§ **TASK TO COMPLETE**
For the data below, retype word for word the lines from the one containing "Step 2: click (316, 75)" through the one containing "Step 2: scroll down"; drop the pictures.

§ **ENTRIES PROVIDED**
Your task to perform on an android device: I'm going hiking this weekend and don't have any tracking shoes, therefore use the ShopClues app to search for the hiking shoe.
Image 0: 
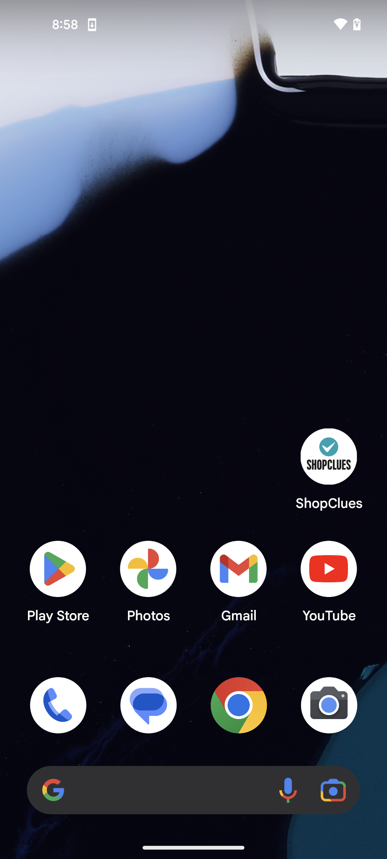
open the ShopClues app
Step 0: open app "ShopClues"
Image 1: 
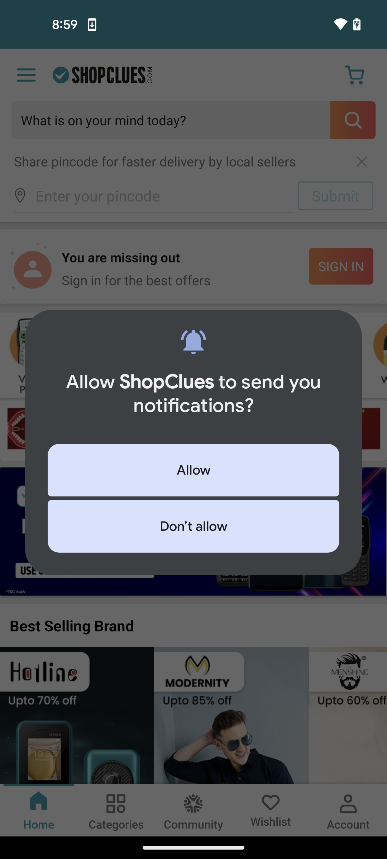
click on Allow
Step 1: click (193, 470)
Image 2: 
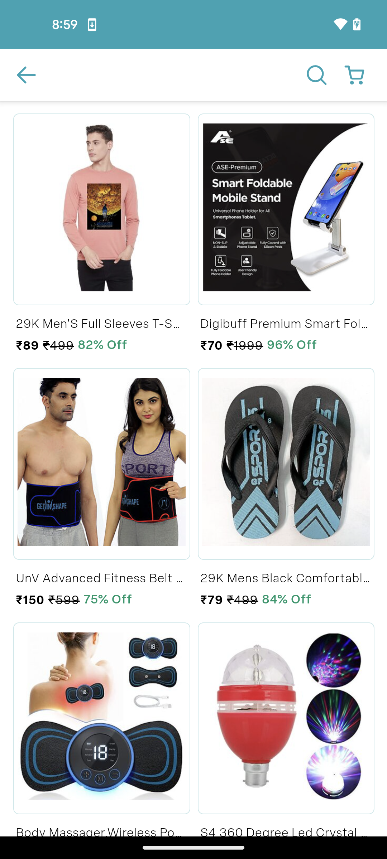
click on the search icon
Step 2: click (316, 75)
Image 3: 
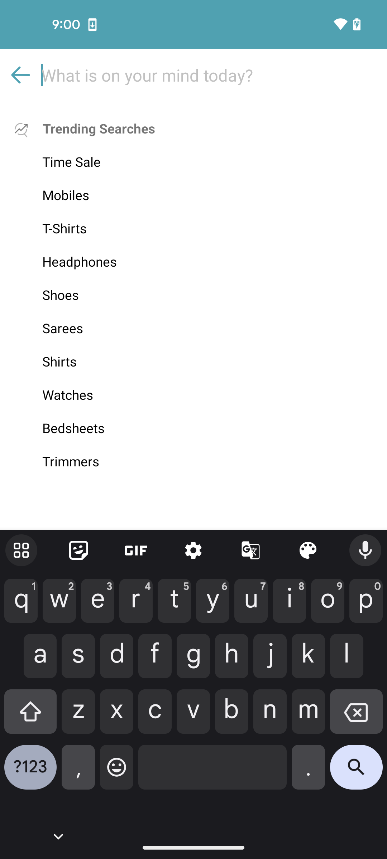
type text hiking shoe
Step 3: type "hiking shoe"
Image 4: 
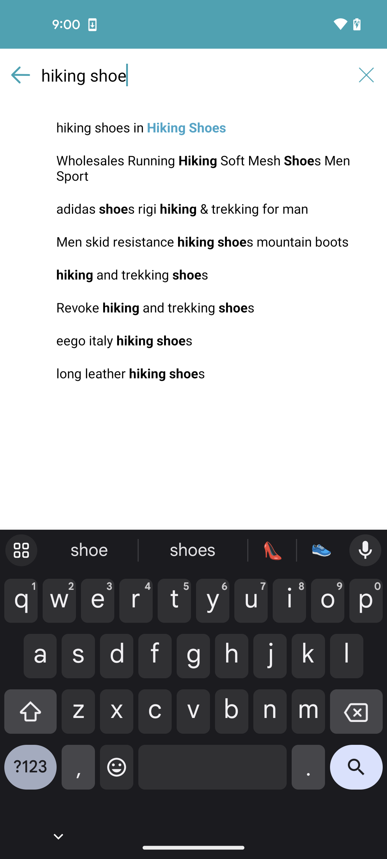
click on the search icon
Step 4: click (356, 772)
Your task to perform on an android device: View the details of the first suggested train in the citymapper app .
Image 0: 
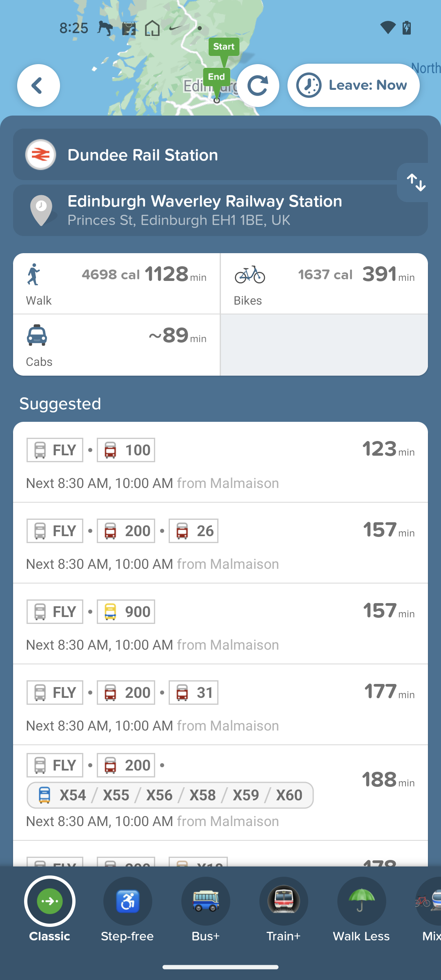
Click on the first suggested train
Step 0: click (220, 287)
Image 1: 
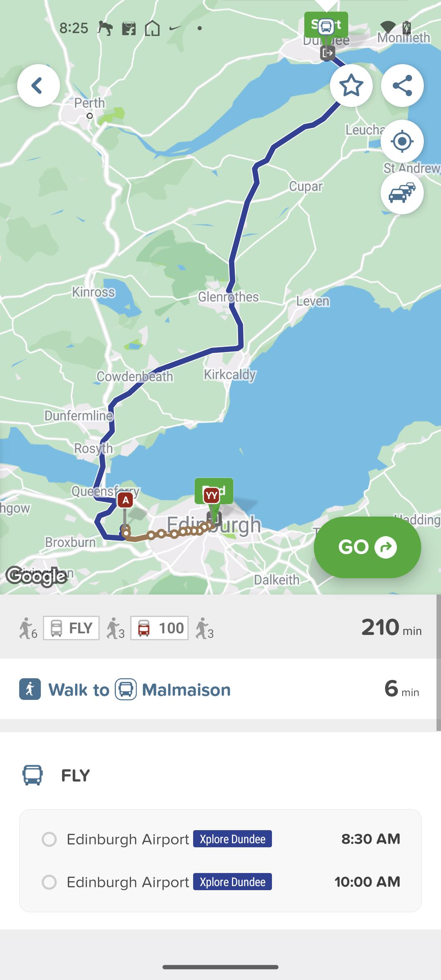
Swipe up the drawer for more details
Step 1: scroll down
Image 2: 
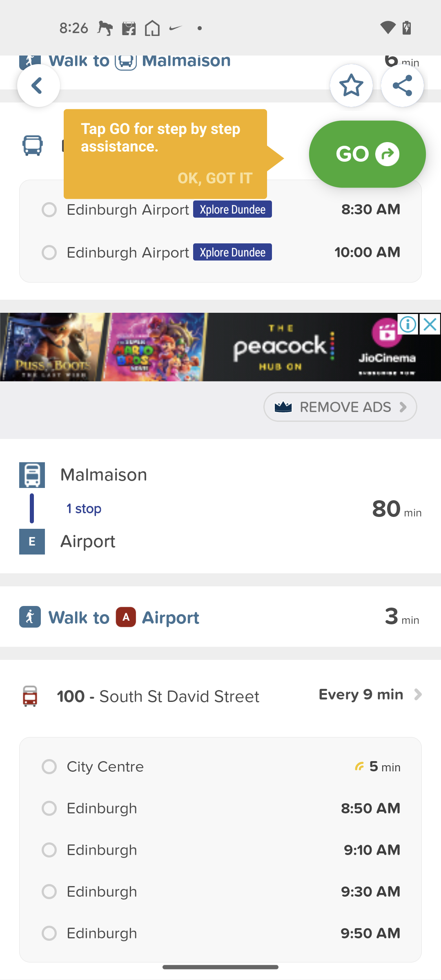
Swipe up the drawer for more details
Step 2: scroll down
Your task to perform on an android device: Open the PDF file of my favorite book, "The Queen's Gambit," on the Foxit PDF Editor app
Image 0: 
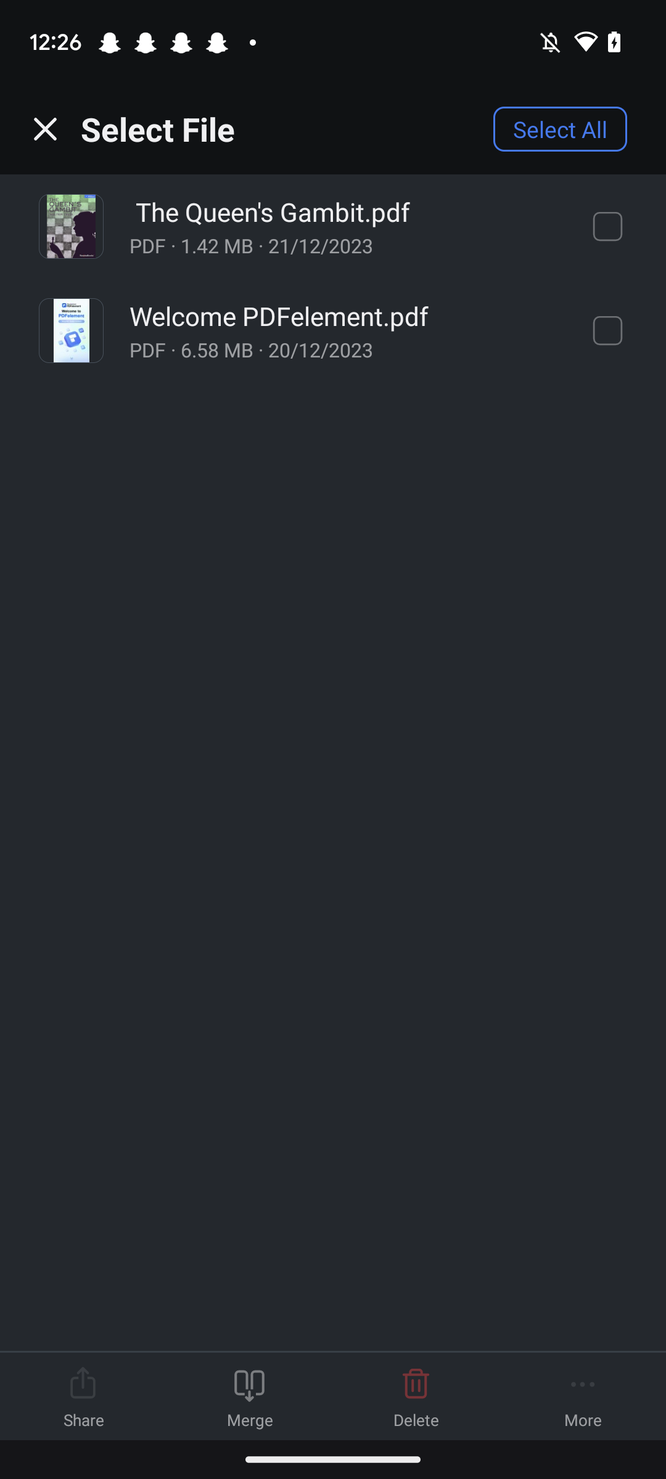
 Open the Foxit PDF Editor app.
Step 0: open app "Foxit PDF Editor"
Image 1: 
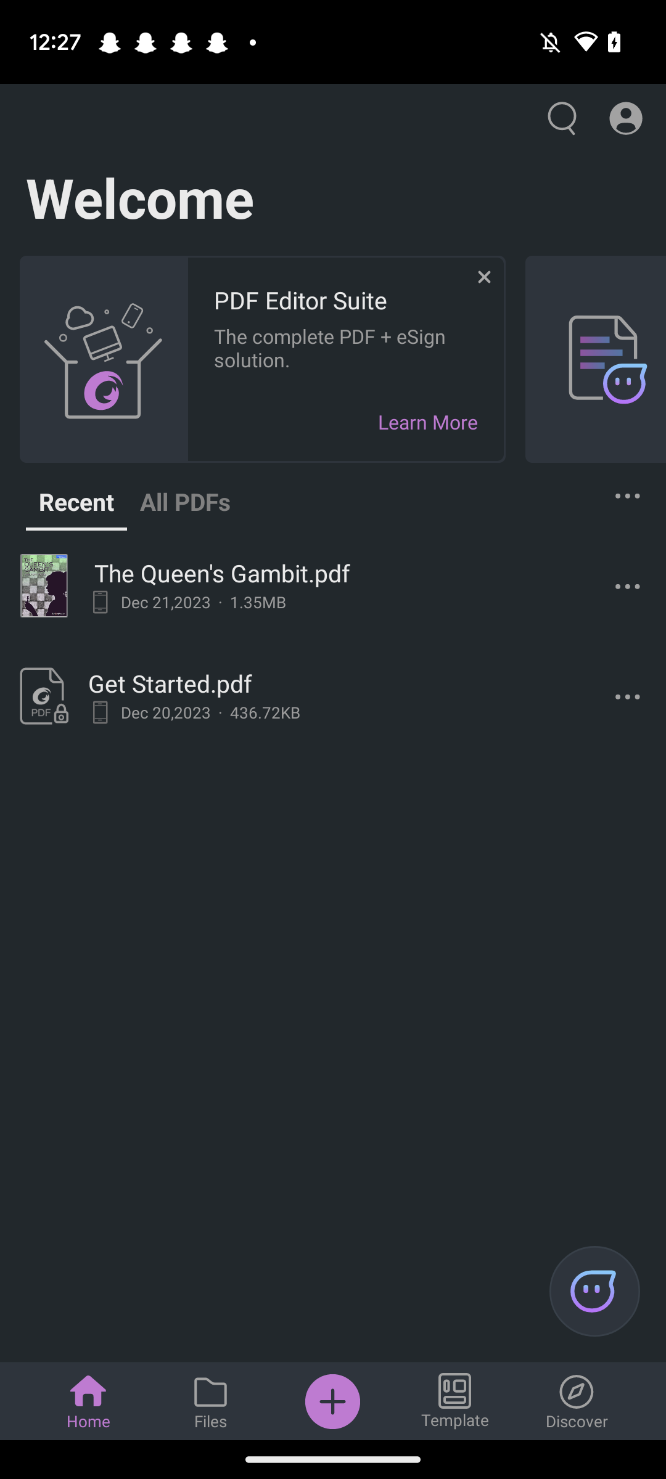
Open the File The Queen's Gambit pdf.
Step 1: click (316, 572)

§ **EXERCISE SOLUTION**
Step 2: click (316, 75)
Image 3: 
type text hiking shoe
Step 3: type "hiking shoe"
Image 4: 
click on the search icon
Step 4: click (356, 772)
Your task to perform on an android device: View the details of the first suggested train in the citymapper app .
Image 0: 
Click on the first suggested train
Step 0: click (220, 287)
Image 1: 
Swipe up the drawer for more details
Step 1: scroll down
Image 2: 
Swipe up the drawer for more details
Step 2: scroll down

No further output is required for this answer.